There is a fundamental lack of understanding of both convolutions and the concept of anchor boxes here.

1. Regarding convolutions: A convolutional layer slides some filter across a number of spatial positions of the layer's input. If a certain pattern (e.g. representing a red car) occurs in two distinct spatial positions in the input (but with the same position relative to the receptive fields of the respective elements in the output feature map), then that pattern will produce the same output in both spatial positions of the output feature map. This means that the filter weights will also have the same gradient (locally, at least) with respect to the input. Hence, in order to train this filter to recognize certain patterns (red cars), it doesn't matter in which spatial sector of the input the pattern occurs, the filter will be adjusted the same way regardless. You could train a network with red cars appearing only in the upper left area of the training images and the trained network would still be able to detect similar red cars at every other position in an image, because it is the same filter convolving with the input at every spatial position. If this isn't clear, you should spend some time on understanding convolutions, because this very relationship is the reason why convolutions are useful for image data.
2. Regarding anchor boxes: The trained model doesn't have an anchor box "available". The trained weights of the network's localization layers don't even know that anchor boxes exist. They were just trained to output certain numbers whenever a certain pattern occurs in the input. One of these numbers happens to be a horizontal offset with respect to the center point of an imaginary reference box (i.e. an anchor box), another happens to be the width relative to this imaginary reference box.

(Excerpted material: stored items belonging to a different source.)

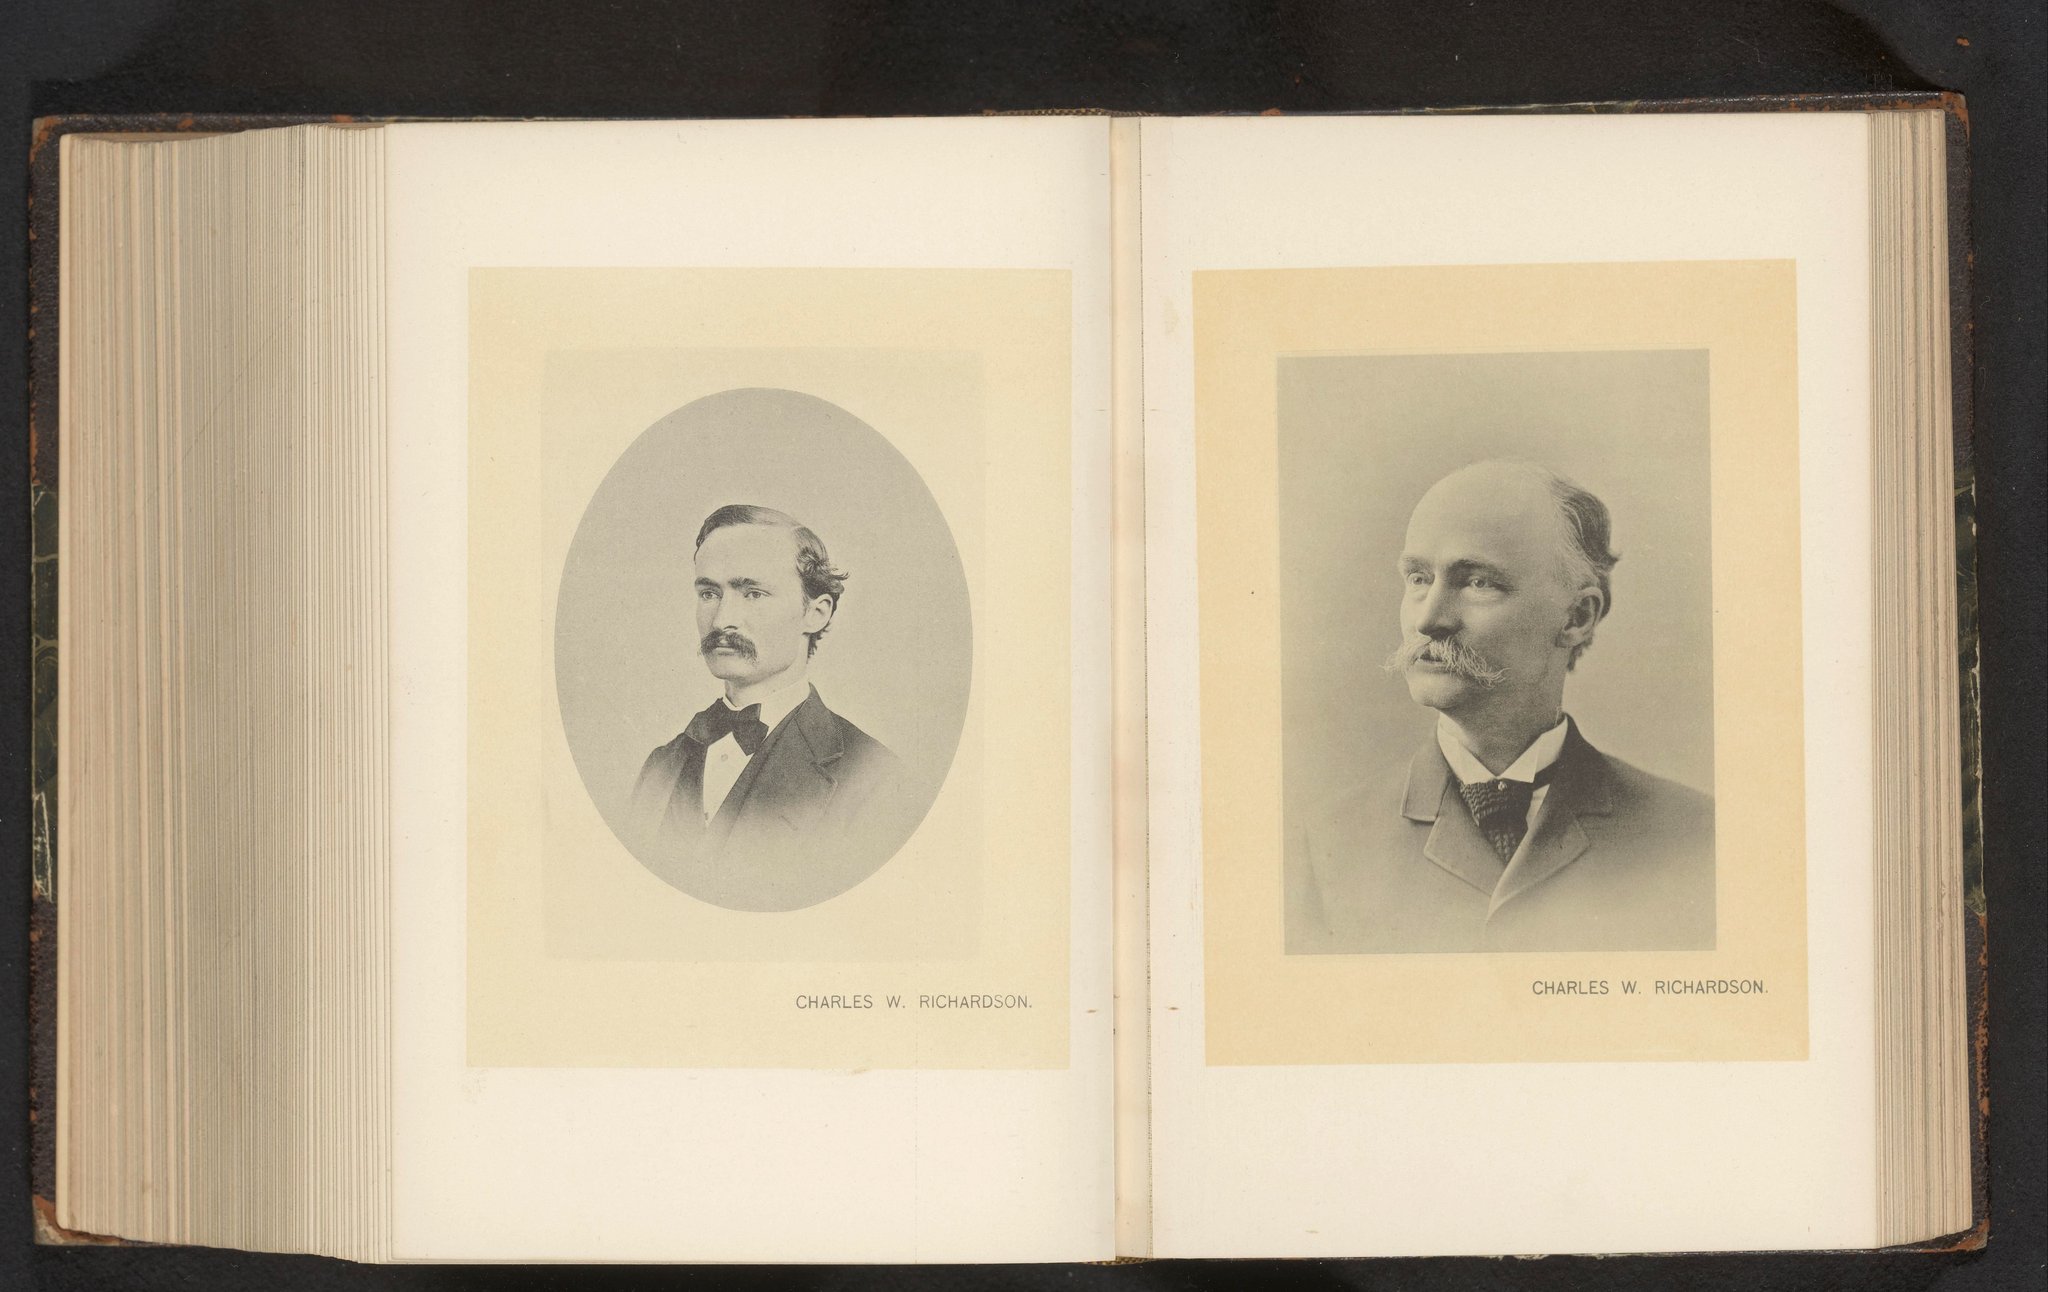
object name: page
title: Charles W. Richardson
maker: Anonymous
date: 1869
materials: paper
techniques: photoaquatint
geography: boston
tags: adult man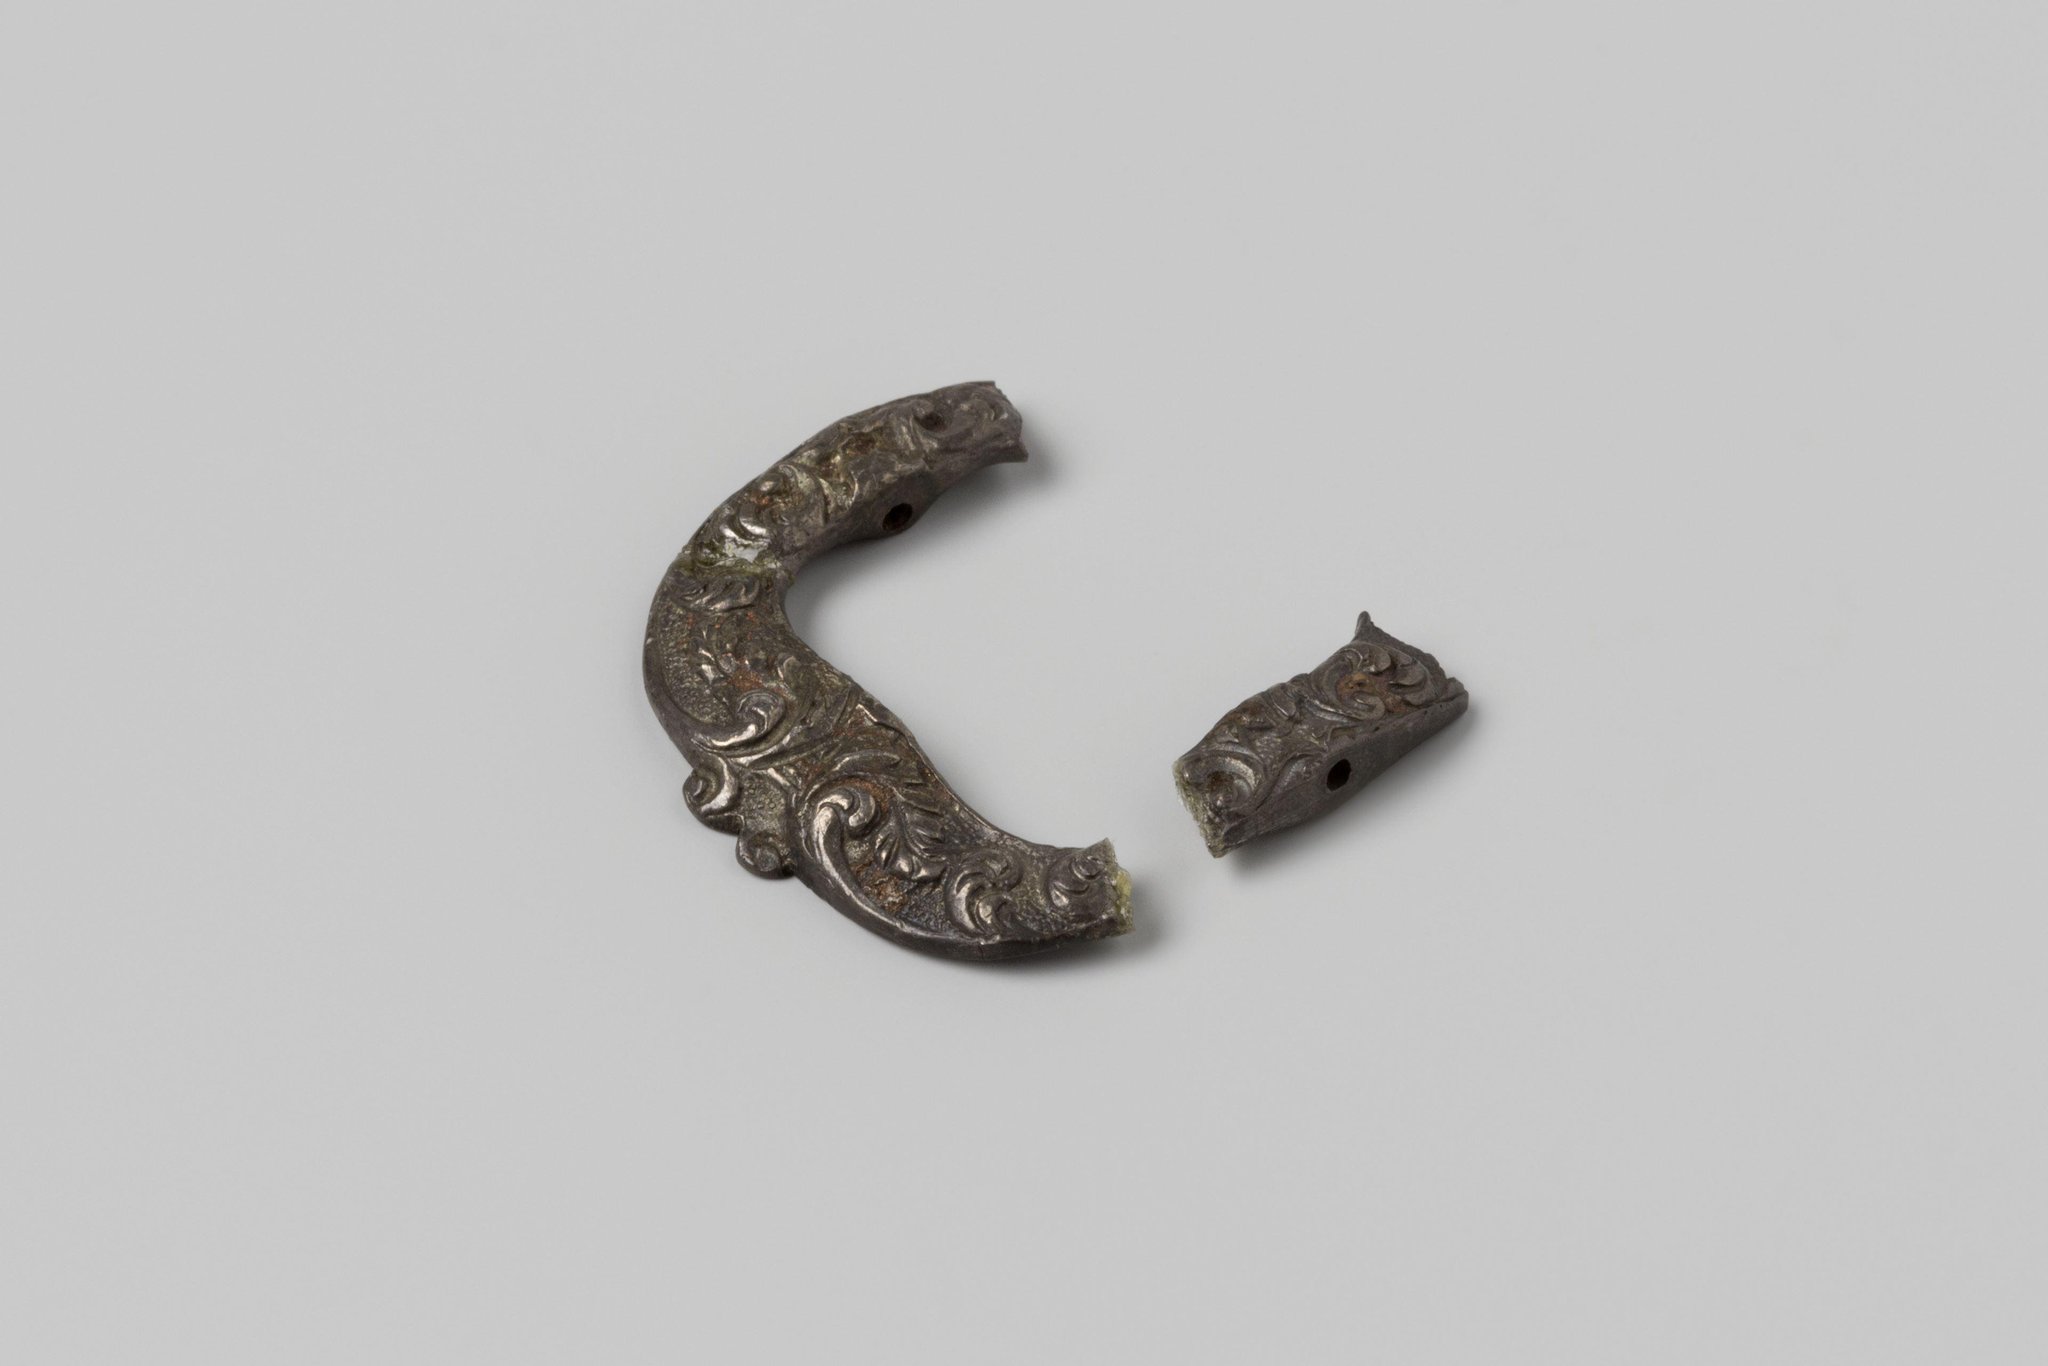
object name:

One more crucial thing remains unclear to me - how can the network learn proper offsets for the anchor box? It baffles me quite a lot - it's just convolutions, after all, nothing more.

Taking up the second point above, the convolutional localization layers are just trained to output some numbers based on their input. Whatever numbers you give them as ground truth for a given input pattern, those are the numbers they will be trained to output when that pattern appears. If the center point of the ground truth box for an object deviates by a certain number of pixels horizontally from the the center point of an imaginary anchor box that some convolutional filter is supposed to learn, then you can "give" this convolutional filter that deviation as the ground truth and it will learn that it has to output this number for this input pattern. The convolutional layer simply learns to output whatever you tell it to via the ground truth you provide it with, given that this is possible (i.e. the ground truth isn't contradictory within itself).

[jozefmorvay]

Thanks.